[Items from a dataset]

+++++

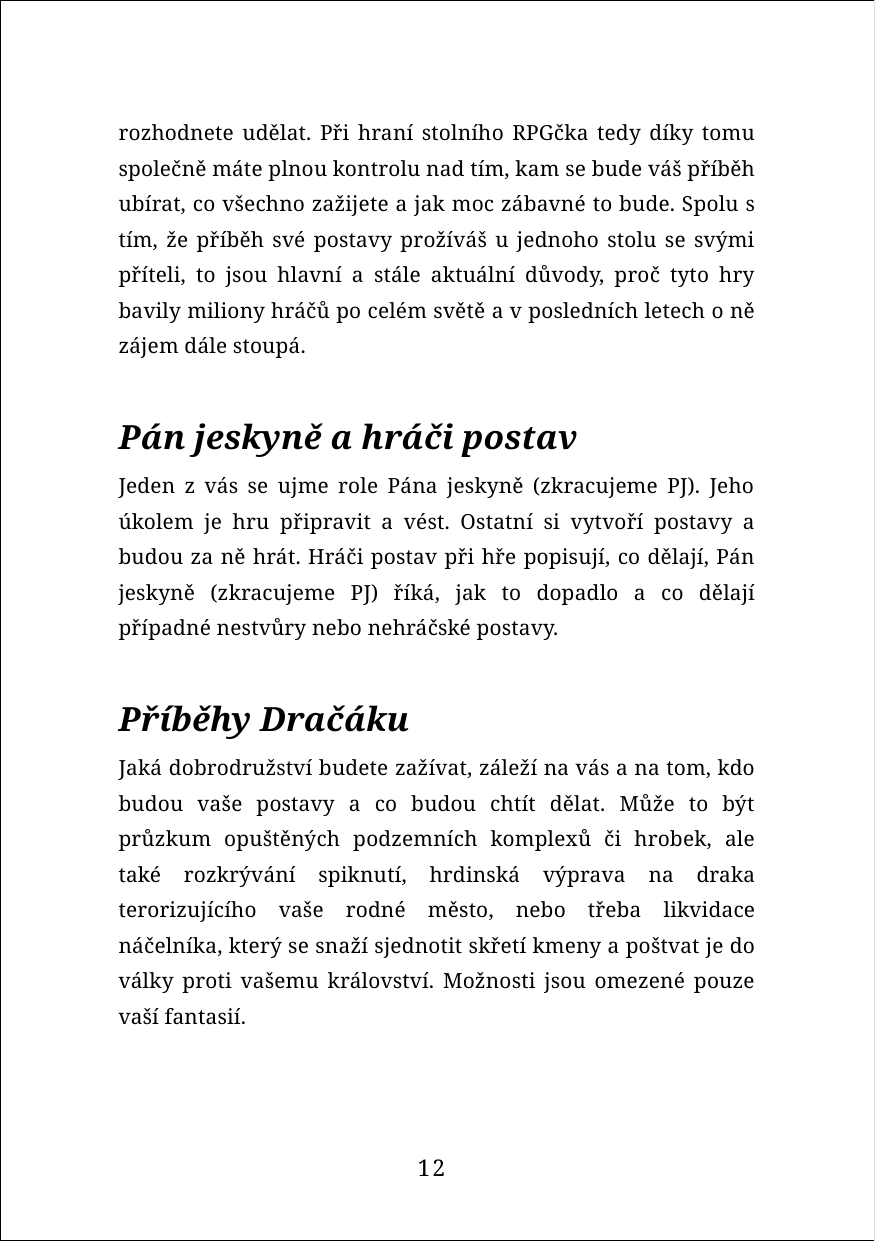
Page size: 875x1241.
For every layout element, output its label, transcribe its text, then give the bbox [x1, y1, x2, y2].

text Jaká dobrodružství budete zažívat, záleží na vás a na tom, kdo budou vaše postavy a co budou chtít dělat. Může to být průzkum opuštěných podzemních komplexů či hrobek, ale také rozkrývání spiknutí, hrdinská výprava na draka terorizujícího vaše rodné město, nebo třeba likvidace náčelníka, který se snaží sjednotit skřetí kmeny a poštvat je do války proti vašemu království. Možnosti jsou omezené pouze vaší fantasií. [118, 753, 756, 1031]
subtitle Pán jeskyně a hráči postav [118, 414, 756, 459]
text rozhodnete udělat. Při hraní stolního RPGčka tedy díky tomu společně máte plnou kontrolu nad tím, kam se bude váš příběh ubírat, co všechno zažijete a jak moc zábavné to bude. Spolu s tím, že příběh své postavy prožíváš u jednoho stolu se svými příteli, to jsou hlavní a stále aktuální důvody, proč tyto hry bavily miliony hráčů po celém světě a v posledních letech o ně zájem dále stoupá. [118, 118, 756, 360]
subtitle Příběhy Dračáku [118, 696, 756, 742]
text Jeden z vás se ujme role Pána jeskyně (zkracujeme PJ). Jeho úkolem je hru připravit a vést. Ostatní si vytvoří postavy a budou za ně hrát. Hráči postav při hře popisují, co dělají, Pán jeskyně (zkracujeme PJ) říká, jak to dopadlo a co dělají případné nestvůry nebo nehráčské postavy. [118, 471, 756, 642]
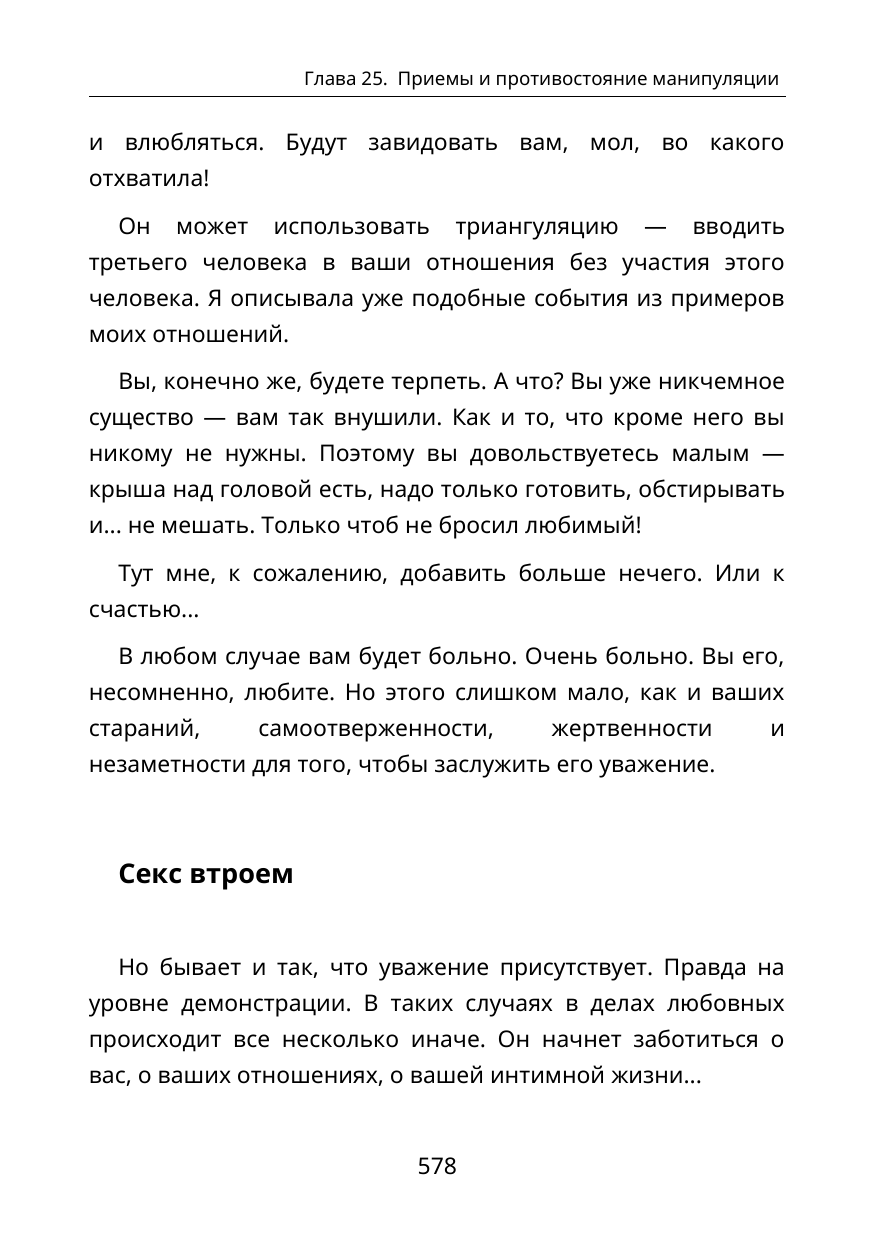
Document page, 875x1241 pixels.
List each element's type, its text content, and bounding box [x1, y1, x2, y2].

text Но бывает и так, что уважение присутствует. Правда на уровне демонстрации. В таких случаях в делах любовных происходит все несколько иначе. Он начнет заботиться о вас, о ваших отношениях, о вашей интимной жизни... [88, 951, 786, 1090]
text В любом случае вам будет больно. Очень больно. Вы его, несомненно, любите. Но этого слишком мало, как и ваших стараний, самоотверженности, жертвенности и незаметности для того, чтобы заслужить его уважение. [88, 640, 786, 779]
text Он может использовать триангуляцию — вводить третьего человека в ваши отношения без участия этого человека. Я описывала уже подобные события из примеров моих отношений. [88, 210, 786, 349]
text и влюбляться. Будут завидовать вам, мол, во какого отхватила! [88, 126, 786, 193]
text Тут мне, к сожалению, добавить больше нечего. Или к счастью... [88, 557, 786, 624]
subtitle Секс втроем [88, 855, 786, 892]
text Вы, конечно же, будете терпеть. А что? Вы уже никчемное существо — вам так внушили. Как и то, что кроме него вы никому не нужны. Поэтому вы довольствуетесь малым — крыша над головой есть, надо только готовить, обстирывать и... не мешать. Только чтоб не бросил любимый! [88, 365, 786, 540]

+++++

**YOUR OBJECTIVE**. What is needed is an exact copy of the lines from the start of the records through the line containing "subtitle Příběhy Dračáku [118, 696, 756, 742]", with no pictures.

**ANSWER TO THE PROBLEM**.
Page size: 875x1241.
For every layout element, output its label, transcribe its text, then give the bbox [x1, y1, x2, y2].

text Jaká dobrodružství budete zažívat, záleží na vás a na tom, kdo budou vaše postavy a co budou chtít dělat. Může to být průzkum opuštěných podzemních komplexů či hrobek, ale také rozkrývání spiknutí, hrdinská výprava na draka terorizujícího vaše rodné město, nebo třeba likvidace náčelníka, který se snaží sjednotit skřetí kmeny a poštvat je do války proti vašemu království. Možnosti jsou omezené pouze vaší fantasií. [118, 753, 756, 1031]
subtitle Pán jeskyně a hráči postav [118, 414, 756, 459]
text rozhodnete udělat. Při hraní stolního RPGčka tedy díky tomu společně máte plnou kontrolu nad tím, kam se bude váš příběh ubírat, co všechno zažijete a jak moc zábavné to bude. Spolu s tím, že příběh své postavy prožíváš u jednoho stolu se svými příteli, to jsou hlavní a stále aktuální důvody, proč tyto hry bavily miliony hráčů po celém světě a v posledních letech o ně zájem dále stoupá. [118, 118, 756, 360]
subtitle Příběhy Dračáku [118, 696, 756, 742]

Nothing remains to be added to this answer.